The Grape Men

I grew up in well-established suburb of Melbourne, so it was a novelty to have horses over the back fence.  They roamed around in a thin expanse of undeveloped land that spanned an entire block lengthways and sometimes Dad would lift me up so I could feed them grass and pat their noses. (To this day, I like horses for the fact that they prefer the grass out of a person’s hand to the grass coming out of the ground. They are humouring us like a kind uncle humours a dim-witted child, and I appreciate it, despite the fact that once you know what they’re doing you can’t help but feel it’s a tiny bit condescending.)
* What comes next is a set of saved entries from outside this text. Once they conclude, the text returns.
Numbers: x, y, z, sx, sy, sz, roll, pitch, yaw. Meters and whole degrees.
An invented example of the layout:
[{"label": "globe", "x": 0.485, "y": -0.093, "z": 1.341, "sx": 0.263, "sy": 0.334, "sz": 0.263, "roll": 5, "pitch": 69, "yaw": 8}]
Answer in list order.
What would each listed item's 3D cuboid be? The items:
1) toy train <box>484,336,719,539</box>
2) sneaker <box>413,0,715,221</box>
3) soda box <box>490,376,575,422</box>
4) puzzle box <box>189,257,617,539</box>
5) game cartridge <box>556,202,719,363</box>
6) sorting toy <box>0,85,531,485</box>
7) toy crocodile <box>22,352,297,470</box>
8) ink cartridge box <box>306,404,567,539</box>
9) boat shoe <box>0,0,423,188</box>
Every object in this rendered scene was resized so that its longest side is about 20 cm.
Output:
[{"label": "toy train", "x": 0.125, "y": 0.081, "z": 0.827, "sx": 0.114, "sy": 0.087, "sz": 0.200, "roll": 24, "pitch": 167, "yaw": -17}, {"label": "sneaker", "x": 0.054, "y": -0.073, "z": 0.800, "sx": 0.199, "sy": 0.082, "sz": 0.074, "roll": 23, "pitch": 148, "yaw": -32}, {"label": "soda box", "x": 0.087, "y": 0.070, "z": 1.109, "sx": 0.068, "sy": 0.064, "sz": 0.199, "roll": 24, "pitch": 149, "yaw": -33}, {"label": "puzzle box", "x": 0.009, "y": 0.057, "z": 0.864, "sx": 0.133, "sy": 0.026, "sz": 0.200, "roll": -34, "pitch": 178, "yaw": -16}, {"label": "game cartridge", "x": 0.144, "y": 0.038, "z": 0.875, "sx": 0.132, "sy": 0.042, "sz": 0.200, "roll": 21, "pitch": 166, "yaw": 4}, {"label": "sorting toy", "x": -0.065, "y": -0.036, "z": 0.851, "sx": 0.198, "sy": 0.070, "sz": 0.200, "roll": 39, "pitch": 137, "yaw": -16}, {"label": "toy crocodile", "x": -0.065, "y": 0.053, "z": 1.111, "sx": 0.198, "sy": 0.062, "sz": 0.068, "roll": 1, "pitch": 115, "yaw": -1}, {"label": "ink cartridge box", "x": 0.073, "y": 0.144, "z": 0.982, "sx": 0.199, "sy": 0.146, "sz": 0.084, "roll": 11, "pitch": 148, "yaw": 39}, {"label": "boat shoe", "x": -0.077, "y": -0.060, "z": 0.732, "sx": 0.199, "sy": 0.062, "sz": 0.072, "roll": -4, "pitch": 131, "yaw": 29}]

The strip of land is still there, but the horses are long gone, and so am I – from the house bordering it, not the paddock itself. (Sometimes Mum told me she could no longer support two children and that I had to go and live in the paddock and make money as a busker, performing my inimitable version of ‘Ding Dong the Witch is Dead’ to dog walkers, 85 cents in the dollar of which I would need to “send” back to the family. But it never came to that.)

[soundcloud url=”http://api.soundcloud.com/tracks/40025877″ iframe=”true” /]

Nothing will ever come close to the excitement of having horses over the back fence, but since then, I’ve been lucky enough to live in two homes with something interesting to peer at while standing on tiptoes.

For a couple of years I lived on the second floor of an apartment that bordered one of those creeks that have been lined with concrete and become a sort of open drain. Sometimes, when the creek ran low or completely dry, incomprehensibly cool teenagers – not yet pubescent, in many cases, but oh so hormonal nonetheless – would use it as a kind of ultra-fashionable thoroughfare. Occasionally they’d stop to pull out a spraycan and spend seconds, and sometimes a full minute, creating something wonderful.

You could see them if you craned your neck in one of the bedrooms, but you got the best view if you stood on the toilet in the little bathroom at the end of the hallway. From this vantage point you could see every nervous dart of the head, every self-consciously indifferent adjustment of the testicles, every letter of the word they were trying so hard to spell – bless them.

I was living with my brother at the time, and on a weekend once, we stood with one foot on the toilet lid each and watched as a little group of twelve year olds, their trousers round their knees, stopped to leave their aerosol contribution to the beautification of the concrete drain – the word “dick”.

I’m not a huge fan of the fight-fire-with-fire approach, but in this instance I could see its merits. I decided that the best way to combat their childishness was with childishness, so I cupped my hands over my mouth and yelled out the window “THIS IS THE POLICE! PUT YOUR HANDS IN THE AIR!”

The can hit the ground before I’d finished the first sentence. They bolted – two left, one right.

I yelled: “THEY’RE RUNNING! OPEN FIRE!”

I have never heard a louder explosion of flatus in my life – the acoustics of the drain turned out to be perfectly suited to turning a fart born of terror into a kind of once-in-a-lifetime musical event.

About six months later, I thought I’d try out the police routine again. This time a lone spraypainter had set up shop and was proving himself to be a damn fine depicter of the human vulva.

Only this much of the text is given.